Quoting vB is a bit tricky. Recall from part 1 that quoting is type-directed, so we need to supply the type at which we’re quoting, and a typing environment that maps each free variable to its semantic type. We needed this typing information in order to perform correct eta-expansion.

The type at which we’re quoting is easy. Since we’re quoting a type, we’re quoting at type VStar. The typing environment, on the other hand, is harder to come by. We need to evaluate each of the types in cG. But then each entry in cG lives in the subcontext of remaining entries.

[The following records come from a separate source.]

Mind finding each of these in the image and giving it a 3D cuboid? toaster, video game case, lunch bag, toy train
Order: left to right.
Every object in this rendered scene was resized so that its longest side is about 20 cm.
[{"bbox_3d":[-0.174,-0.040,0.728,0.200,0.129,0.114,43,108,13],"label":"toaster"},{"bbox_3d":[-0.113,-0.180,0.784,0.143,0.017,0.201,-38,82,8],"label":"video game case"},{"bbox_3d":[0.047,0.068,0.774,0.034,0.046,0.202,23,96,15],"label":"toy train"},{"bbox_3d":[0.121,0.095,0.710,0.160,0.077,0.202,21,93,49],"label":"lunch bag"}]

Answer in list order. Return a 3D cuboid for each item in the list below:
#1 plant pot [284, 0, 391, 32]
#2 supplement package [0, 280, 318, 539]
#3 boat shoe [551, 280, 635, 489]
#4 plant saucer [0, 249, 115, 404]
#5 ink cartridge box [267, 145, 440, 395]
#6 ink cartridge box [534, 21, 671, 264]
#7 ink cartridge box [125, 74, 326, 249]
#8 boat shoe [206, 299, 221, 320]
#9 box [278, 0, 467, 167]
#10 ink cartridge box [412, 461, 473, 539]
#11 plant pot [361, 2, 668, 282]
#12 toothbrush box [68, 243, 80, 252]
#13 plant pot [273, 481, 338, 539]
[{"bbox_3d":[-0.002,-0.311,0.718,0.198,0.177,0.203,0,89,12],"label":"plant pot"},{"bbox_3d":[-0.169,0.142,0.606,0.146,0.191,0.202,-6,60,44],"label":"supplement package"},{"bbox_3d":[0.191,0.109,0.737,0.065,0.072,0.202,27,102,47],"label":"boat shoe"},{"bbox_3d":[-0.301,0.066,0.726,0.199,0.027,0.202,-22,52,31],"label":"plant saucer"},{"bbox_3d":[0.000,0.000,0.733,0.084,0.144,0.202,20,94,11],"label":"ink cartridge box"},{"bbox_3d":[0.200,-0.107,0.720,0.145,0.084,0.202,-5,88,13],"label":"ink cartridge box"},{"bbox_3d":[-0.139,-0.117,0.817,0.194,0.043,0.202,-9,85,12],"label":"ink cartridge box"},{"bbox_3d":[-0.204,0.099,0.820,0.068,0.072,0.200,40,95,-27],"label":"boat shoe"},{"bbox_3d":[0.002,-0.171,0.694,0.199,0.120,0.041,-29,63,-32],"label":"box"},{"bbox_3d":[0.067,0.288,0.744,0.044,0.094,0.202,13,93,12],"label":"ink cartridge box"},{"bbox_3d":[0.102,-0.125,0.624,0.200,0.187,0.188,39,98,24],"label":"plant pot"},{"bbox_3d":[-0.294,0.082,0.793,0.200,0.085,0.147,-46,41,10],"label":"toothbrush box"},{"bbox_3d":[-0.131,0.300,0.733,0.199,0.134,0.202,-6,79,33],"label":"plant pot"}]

Yuck. Let’s implement a helper ctx2tyenv that can at least leverage the eG we already computed.

let rec ctx2tyenv (cG : ctx) (eG : env) : tp_env =
    match cG, eG with
    | [], [] -> []
    | (x, tA)::cG, _::eG ->
        (* cG |- tA : ★
           and eG is the dummy env of cG *)
        let vA = eval eG tA in
        (x, vA) :: ctx2tyenv cG eG

Finally we can quote vB.

let rec check (cG : ctx) (t : tm) (tA : tp) : unit = ...
and synth (cG : ctx) (t : tm) : tp =
    match t with
    | Var i -> List.nth cG i
    | App (s, t) ->
        begin match synth cG s with
        | Pi ((x, tA), tB) ->
            check cG t tA;
            let eG, n = ctx2env cG in
            let v = eval eG t in
            let vB = eval ((x, v)::eG) tB in
            quote n (ctx2tyenv cG eG) VStar vB
        | _ -> failwith "ill-typed: application subject not a function"
        end

Unfortunately, this approach merely trades one inefficiency for another.

Stop and consider for a moment that applications are often nested. This means what the subterm s is likely to be yet another application. We end up repeatedly calling ctx2env and ctx2tyenv on the same context cG, meaning we repeatedly evaluate the types in that context.

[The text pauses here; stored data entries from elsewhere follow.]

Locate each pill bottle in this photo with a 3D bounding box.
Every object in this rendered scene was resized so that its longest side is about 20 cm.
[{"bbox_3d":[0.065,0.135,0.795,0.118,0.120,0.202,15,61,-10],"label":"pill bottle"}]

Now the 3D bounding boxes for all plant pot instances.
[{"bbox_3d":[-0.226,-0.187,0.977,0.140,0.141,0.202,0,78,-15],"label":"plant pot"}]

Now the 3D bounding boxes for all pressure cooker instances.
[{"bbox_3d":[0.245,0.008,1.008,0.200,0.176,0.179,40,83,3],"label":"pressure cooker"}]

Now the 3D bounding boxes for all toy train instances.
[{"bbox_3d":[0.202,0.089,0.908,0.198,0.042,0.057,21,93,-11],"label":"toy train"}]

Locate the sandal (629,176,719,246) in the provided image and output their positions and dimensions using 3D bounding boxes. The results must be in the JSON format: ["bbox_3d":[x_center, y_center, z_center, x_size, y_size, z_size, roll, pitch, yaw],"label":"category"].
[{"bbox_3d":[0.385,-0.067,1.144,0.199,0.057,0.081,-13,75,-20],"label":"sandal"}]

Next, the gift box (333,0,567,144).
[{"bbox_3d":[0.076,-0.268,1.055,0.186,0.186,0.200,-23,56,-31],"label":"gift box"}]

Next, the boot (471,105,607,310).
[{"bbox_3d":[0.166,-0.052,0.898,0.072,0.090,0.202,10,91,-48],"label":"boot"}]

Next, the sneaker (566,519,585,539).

Moreover, in the event of nested applications, notice that we quote vB only to get back another Pi-type on whose subterms we would then redundantly eval again!

Leaning on the semantics

Rather than repeatedly convert back and forth from syntax into semantics, we could instead work more closely with the semantics. For instance, recall that we imposed a precondition on check, that the given type would be in normal form. In that case, let’s not take the type as a syntactic tp, but rather as a semantic vtp, which we designed to capture only beta-normal forms anyway. Likewise, the context ought to only store types in normal form, too, so why not just use a tp_env instead of a ctx? And finally, if synth should output a type in normal form, again let’s output a vtp instead.

Crucially, the only one that remains as a raw, syntactic term is the term under consideration for checking or synthesis. What’s more, that’s the only term we can’t evaluate first, as we don’t yet know whether it’s well-typed!

Besides representing everything that ought to be in normal form as a value, we’ll also want to avoiding using ctx2env to generate the ‘dummy’ environment we need when calling eval during typechecking. To do so, the typechecker will also track a dummy environment. Whenever it goes under a binder, we will extend not only the typing environment but also the dummy environment. To extend the dummy environment, we need to generate a new variable whose level is the current length of the dummy environment. To avoid computing this length, we’ll also track it as we go.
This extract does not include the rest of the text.